Produzione pittorica sviluppatasi nell'arco del secolo XVI in area piemontese, prevalentemente nei centri di Casale Monferrato, Alessandria, Vercelli, Cuneo, Torino, Asti, Tortona e Varallo.

Dal tardogotico al Rinascimento[modifica | modifica wikitesto]

Martino Spanzotti[modifica | modifica wikitesto]

La pittura in area piemontese nel Cinquecento si apre con la figura prolifica del casalese Martino Spanzotti, giunto a Chivasso già nell'estate del 1502, dopo aver eseguito per la chiesa di San Francesco a Casale uno dei suoi ultimi capolavori. Con lo Spanzotti, attivo già a Vercelli con una bottega dove nel 1491 si andava formando il Sodoma, l'area torinese sembra finalmente conoscere un linguaggio figurativo del tutto nuovo rispetto a quello ancora legato, sullo scorcio del secolo XV, alla cultura tardogotica. Spanzotti infatti cercherà di coniugare motivi foppeschi con quelli mutuati dalla pittura dell’Italia centrale, e profonde saranno le sue speculazioni sulla luce e le geometrie di Piero della Francesca. Nella chiesa torinese di San Domenico realizzerà degli affreschi, dove questa fusione formale troverà esplicazione magistrale. Poi a Ivrea altri affreschi in San Bernardino. Tra il 1507 e il 1511 viene a consolidarsi il rapporto tra il pittore e il duca sabaudo, e nella nuova bottega chivassese dello Spanzotti comincia a fermentare quella che sarà la personalità più importante, per almeno circa trent'anni, nell'area occidentale del Piemonte: Defendente Ferrari.
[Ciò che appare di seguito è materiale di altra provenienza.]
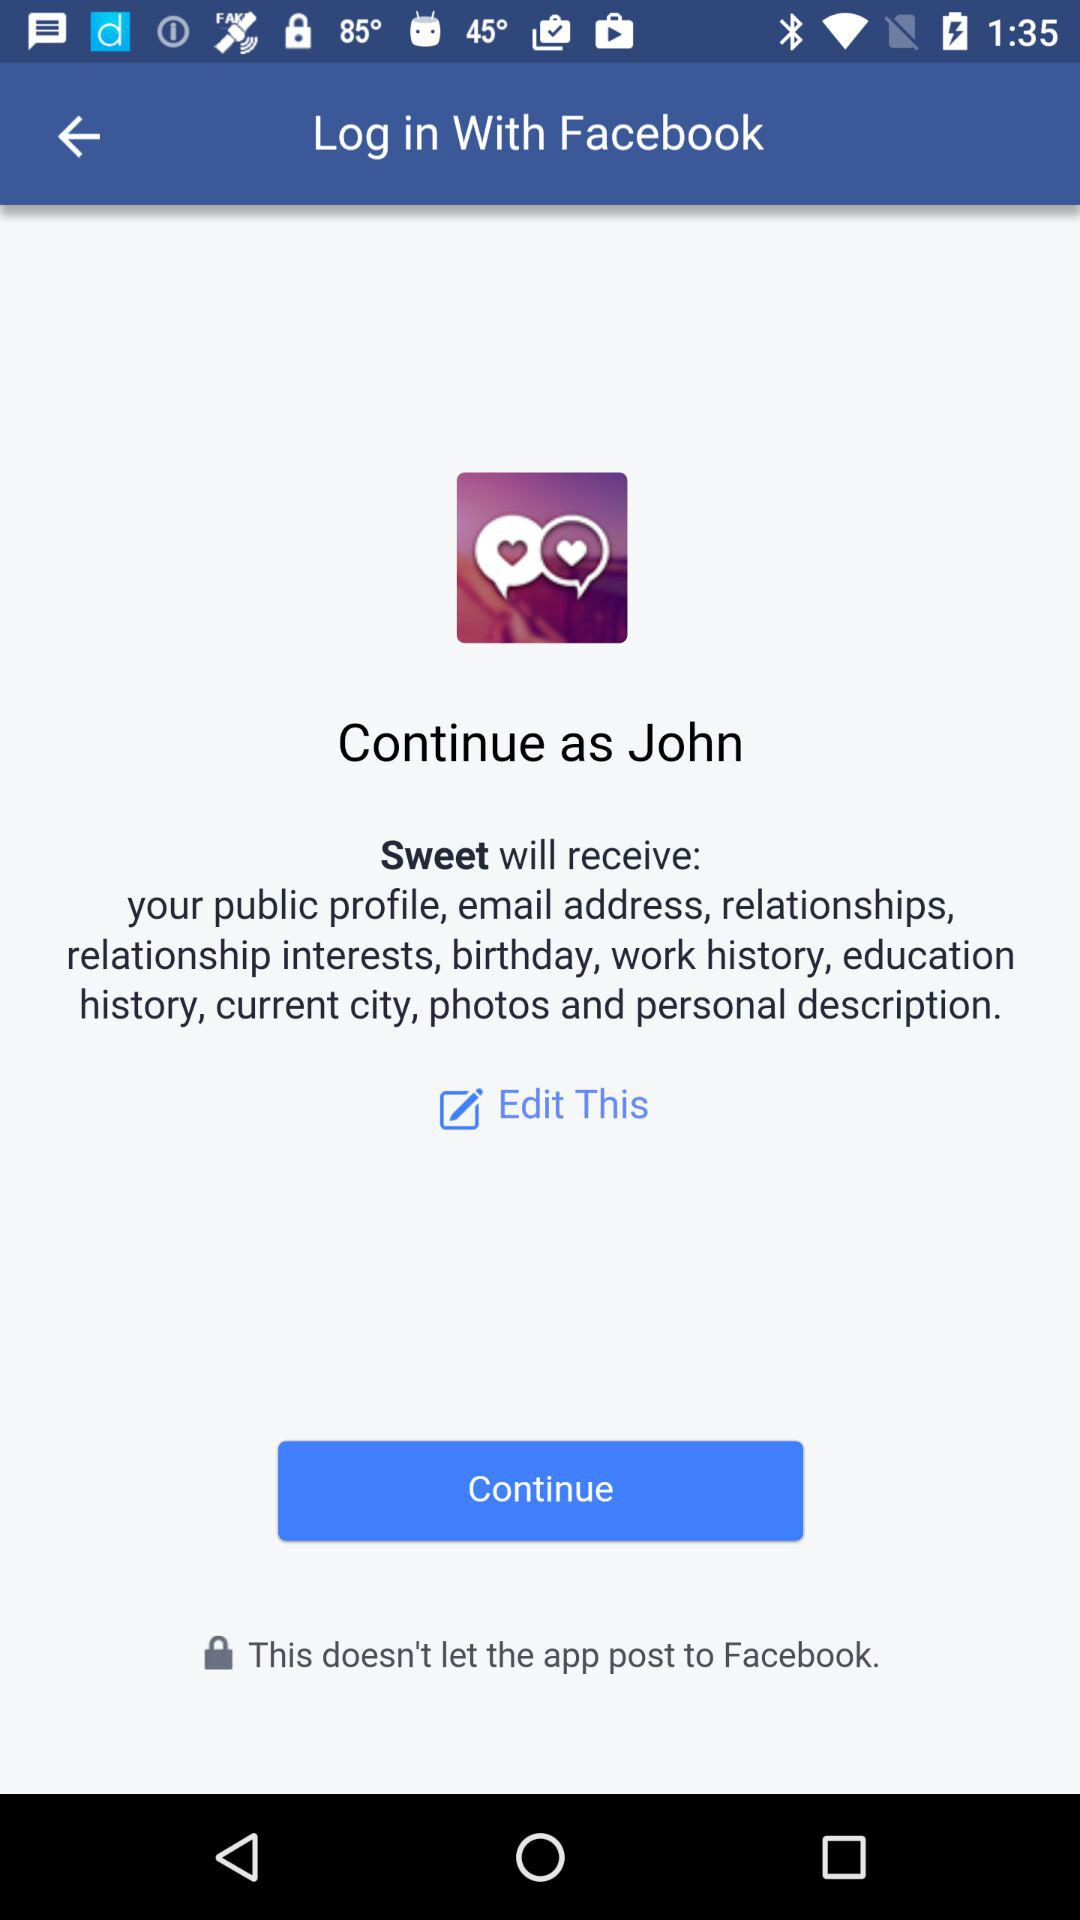Through what account can logging in be done? Logging in can be done through "Facebook". 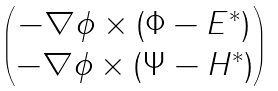<formula> <loc_0><loc_0><loc_500><loc_500>\begin{pmatrix} - \nabla \phi \times ( \Phi - E ^ { \ast } ) \\ - \nabla \phi \times ( \Psi - H ^ { \ast } ) \end{pmatrix}</formula> 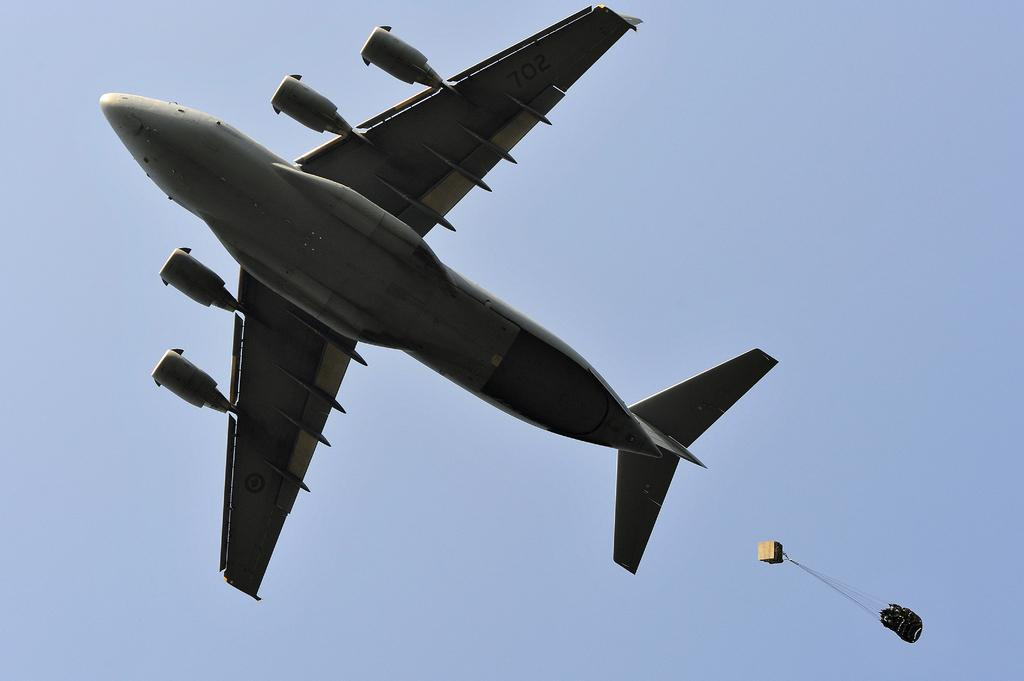What is the main subject of the image? The main subject of the image is an airplane. What is the airplane doing in the image? The airplane is flying in the air. What object can be seen in the bottom right-hand corner of the image? There is a parachute in the bottom right-hand corner of the image. What can be seen in the background of the image? The sky is visible in the background of the image. What is the color of the sky in the image? The color of the sky is blue. What type of memory is being used by the airplane in the image? There is no mention of memory being used by the airplane in the image. What cord is attached to the parachute in the image? There is no visible cord attached to the parachute in the image. 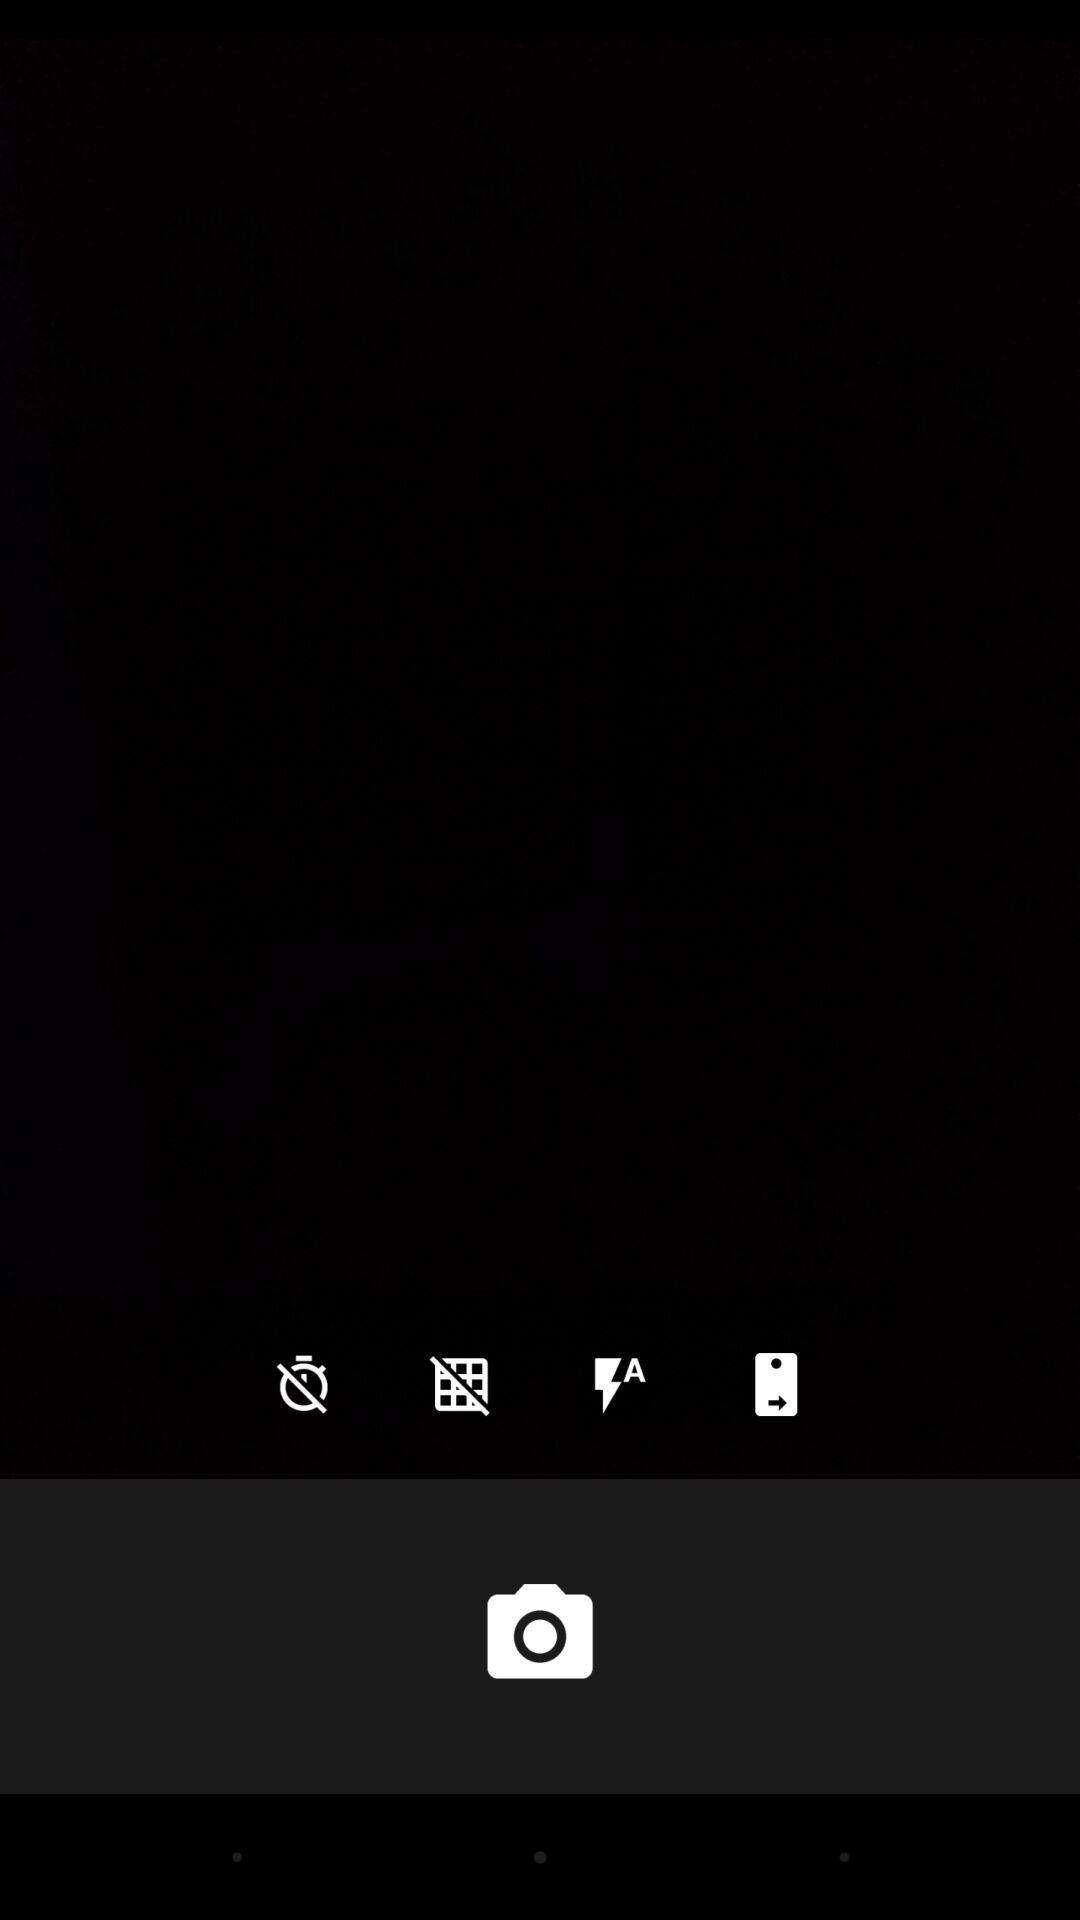Provide a description of this screenshot. Screen of a mobile camera.

Defendente Ferrari e Gerolamo Giovenone[modifica | modifica wikitesto]

La prima opera di Defendente a Torino è il polittico con le Storie di Santi Crispino e Crispiniano, in Duomo, datato intorno al 1505-1507, opera che dimostra come fosse difficile diffondere in questa città, così fortemente legata alla antica tradizione figurativa, le conquiste stilistiche raggiunte dallo Spanzotti, al punto che le tavole centrali ripropongono modelli tardogotici oramai consolidati, dove le figure, riccamente abbigliate si incastrano perfettamente nell'oro sfavillante e nell'azzurro astratto che definiscono gli spazi delle tavole.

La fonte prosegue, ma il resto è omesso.